She’s bold, wears honesty like an armor, refuses to entertain illusions. Ophelia, if she had been wise as well as true, if she had been able to look Hamlet in the eye and say: Of course Claudius killed your father. Come on, are you really surprised? You know how royalty operates. Screw him and Gertrude, screw Elsinore, screw the ghost. Let’s get out of here. Let’s go to Norway and join up with Fortinbras.
A year ago we went to Dublin together, when we were brand-new. We retraced Bloom’s path and pub-crawled. When the crowds got old, we rented a car and drove to the western coast. We motored from far north to final south, staying in B&Bs, eating in bars, nearly anonymous.
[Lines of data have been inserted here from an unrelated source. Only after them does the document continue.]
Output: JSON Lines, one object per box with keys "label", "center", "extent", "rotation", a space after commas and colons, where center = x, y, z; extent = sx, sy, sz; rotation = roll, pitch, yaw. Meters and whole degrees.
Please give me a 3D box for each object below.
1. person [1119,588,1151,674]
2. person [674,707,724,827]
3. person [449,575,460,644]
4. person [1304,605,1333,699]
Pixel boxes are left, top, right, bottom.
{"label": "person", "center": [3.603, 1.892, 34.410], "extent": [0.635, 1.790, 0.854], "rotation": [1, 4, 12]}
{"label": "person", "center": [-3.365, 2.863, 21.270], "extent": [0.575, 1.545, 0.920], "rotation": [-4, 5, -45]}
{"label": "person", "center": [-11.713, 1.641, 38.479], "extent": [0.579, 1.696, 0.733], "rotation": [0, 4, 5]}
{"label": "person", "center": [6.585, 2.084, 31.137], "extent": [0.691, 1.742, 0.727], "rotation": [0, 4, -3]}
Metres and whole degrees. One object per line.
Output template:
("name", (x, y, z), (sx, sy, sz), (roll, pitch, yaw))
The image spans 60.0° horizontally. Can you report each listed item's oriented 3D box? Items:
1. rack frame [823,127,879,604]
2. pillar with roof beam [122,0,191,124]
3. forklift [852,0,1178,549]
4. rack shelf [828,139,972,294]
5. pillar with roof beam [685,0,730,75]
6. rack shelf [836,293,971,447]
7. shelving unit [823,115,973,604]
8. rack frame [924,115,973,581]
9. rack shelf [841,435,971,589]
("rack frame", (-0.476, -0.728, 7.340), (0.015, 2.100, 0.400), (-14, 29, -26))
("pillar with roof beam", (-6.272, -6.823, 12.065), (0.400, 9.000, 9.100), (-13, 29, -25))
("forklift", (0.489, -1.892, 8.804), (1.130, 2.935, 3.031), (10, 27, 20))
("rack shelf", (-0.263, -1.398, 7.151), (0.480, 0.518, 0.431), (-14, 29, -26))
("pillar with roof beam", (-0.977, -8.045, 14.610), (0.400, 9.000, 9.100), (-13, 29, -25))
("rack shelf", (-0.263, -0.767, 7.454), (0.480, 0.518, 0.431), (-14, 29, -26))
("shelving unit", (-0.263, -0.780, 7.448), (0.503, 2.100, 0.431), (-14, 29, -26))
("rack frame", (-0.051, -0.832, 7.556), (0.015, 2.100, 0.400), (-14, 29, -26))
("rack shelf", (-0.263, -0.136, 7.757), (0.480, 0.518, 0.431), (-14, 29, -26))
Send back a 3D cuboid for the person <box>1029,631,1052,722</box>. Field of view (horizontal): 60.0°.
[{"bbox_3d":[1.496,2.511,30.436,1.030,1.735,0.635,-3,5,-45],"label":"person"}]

There’s a picture of her on my desk in the den: she stands Chaplinesque, splay-footed in black leggings and a pea coat, pulling a face atop one of the stones of the Giant’s Causeway. On the trip, I watched her face as much as I watched anything we saw: seeing by watching her see, her surprise and glee a kind of permission for me, a freedom. Otherwise, places have become locations to me. When I’m on a shoot, the hotel where they put us up is so much like every other hotel in every other locale that it might as well have been trucked in with all the other equipment. The catered meals mostly the same; the same trailer to retreat to. Landscapes are backdrops for the next shot; the world is a scrim. In Ireland, though, I saw it in her face: the world is real.
Things she can’t hide: the shy excitement she feels when we are out and she recognizes someone, image becoming flesh in a restaurant booth; her girlish laughter when she talks to her parents on the phone; the hope she would conceal, but can’t, when she hands me something she’s done, saying: Here. Read this. I eat that hope like food.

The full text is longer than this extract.